ForgePlucker Frequently Asked Questions
ForgePlucker is a young project to have a FAQ, but some questions came up repeatedly during early design discussions around the project launch.
What do you mean by "project state", anyway?
We aim to recover everything needed to get a project up and running on another forge site. Source-code repositories, bug tracker state, webspace and wikis, mailing lists, participants roles and permissions, the whole thing.
Where can I find examples of your standard dump/export format
We maintain a test suite together with forgeplucker that aims at capturing the current state of the dump format for various example projects for the different forges supported. You may find this test suite in the project’s test SVN subdir (see files ending in .chk)
Why web-scrape rather than trying to build exporters into existing forges?
The architectures of most forge systems would be very difficult to modify to support native exporters: see this discussion. Even if they weren’t, developing and deploying to each and every forge site out there would be way too much like work. Most hosting sites are run on a shoestring budget by dedicated but overworked administrators who are unlikely to be receptive to potentially disruptive upgrades with obvious security risks attached. We’d welcome their cooperation, but by writing ForgePlucker we avoid being critically dependent on it.
How do you expect to do reliable capture through web interfaces, aren’t they chronically unstable?
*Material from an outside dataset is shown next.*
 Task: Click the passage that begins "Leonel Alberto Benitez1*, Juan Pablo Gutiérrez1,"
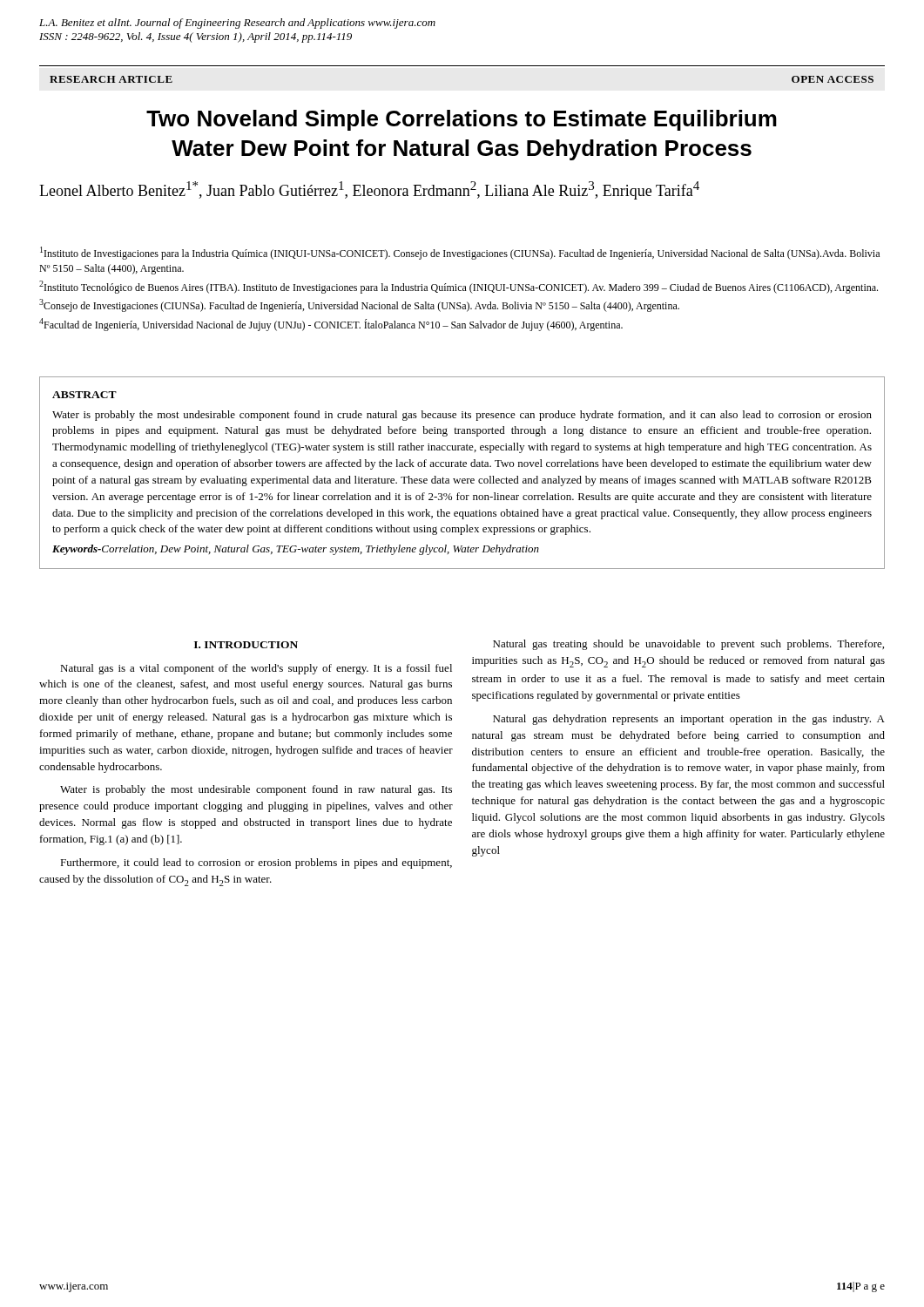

They’re not as unstable as you might think. One of the consequences of the bad architectural decisions most forges have inherited is that interfaces are tightly coupled to implementation; accordingly, forge interfaces tend to change slowly when they change at all.
How do you recover good data from HTML that’s presentation-centered?
Forgeplucker plays various tricks to ignore presentation level and cut through to structure. An important one is relying heavily on the structure of generated HTML select menus, which are easy to parse out of the surrounding tag soup and carry not just the existing values of important metadata but much of the information about what values they can have.
OK, but doesn’t that sort of thing have to be messy and huge and hard to maintain?
You’d be surprised. The initial proof-of-concept, which pulled bugtracker state out of Berlios, was less than 500 lines of Python. More than half of that moved to our GenericForge class and is shared among types. The Berlios and Savane handler classes were about 200 and less than 100 lines each when we first published; we estimate that a full ForgePlucker implementation will cost not more than about 400 lines of Python per site type.
Your dump format varies by site type. Shouldn’t you have designed a standardized representation first?
We think it’s smarter to get 100% state capture from a wide variety of forge types first, then use the domain knowledge we gain to design a format that will really work.
I’m a forge-system maintainer, and I don’t want my system to be a jail. How can I cooperate?
First: put a meta tag on your generated main page with type and version attributes identifying your forge software, so our bot will know what it’s dealing with (see The Forge-Identification Meta Header). Second: Provide a per-project URL that returns a machine-parseable report on as much of the state as you can conveniently dump. It doesn’t have to be our format, as long as it’s unambiguous and version-stamped and relatively easy to parse (XML or JSON are good bases). You give us the spec, we’ll write the parser. For other things you can do, ask on our dev list.
I’m a random hacker and this project looks interesting. What kind of help do you need?
The main thing we need is developers who care a lot about individual forge types and are motivated to keep their handler classes complete and up to date. We don’t expect this to be a large job after the initial implementation is done (the first handler class took four days, the second about two), but it does mean being ready to respond quickly on the (probably rare) occasions when something breaks.
Is ForgePlucker a stepping stone to something else, like writing a new forge system?
Obviously, the usefulness of project-state export is limited if there aren’t any automatic importers. But there are several ways the future might play out. In one, existing forges cheer us on and make the effort required to implement importers for our interchange format; everybody wins. In another, our devs eventually write a new forge system that can import from anywhere, and that pressures other forge designers into writing importers. In a third, existing forges are too technically and/or politically broken to write importers, so we write a forge and it takes over the world. We don’t care which of those happens. Yet.
OK, you’ve got plucker for exporting, but is importing supported anywhere
A FusionForge plugin is currently being developped to support importing of project dumps to be restored from a previous export made with ForgePlucker. We’re of course very much eager to see more similar efforts.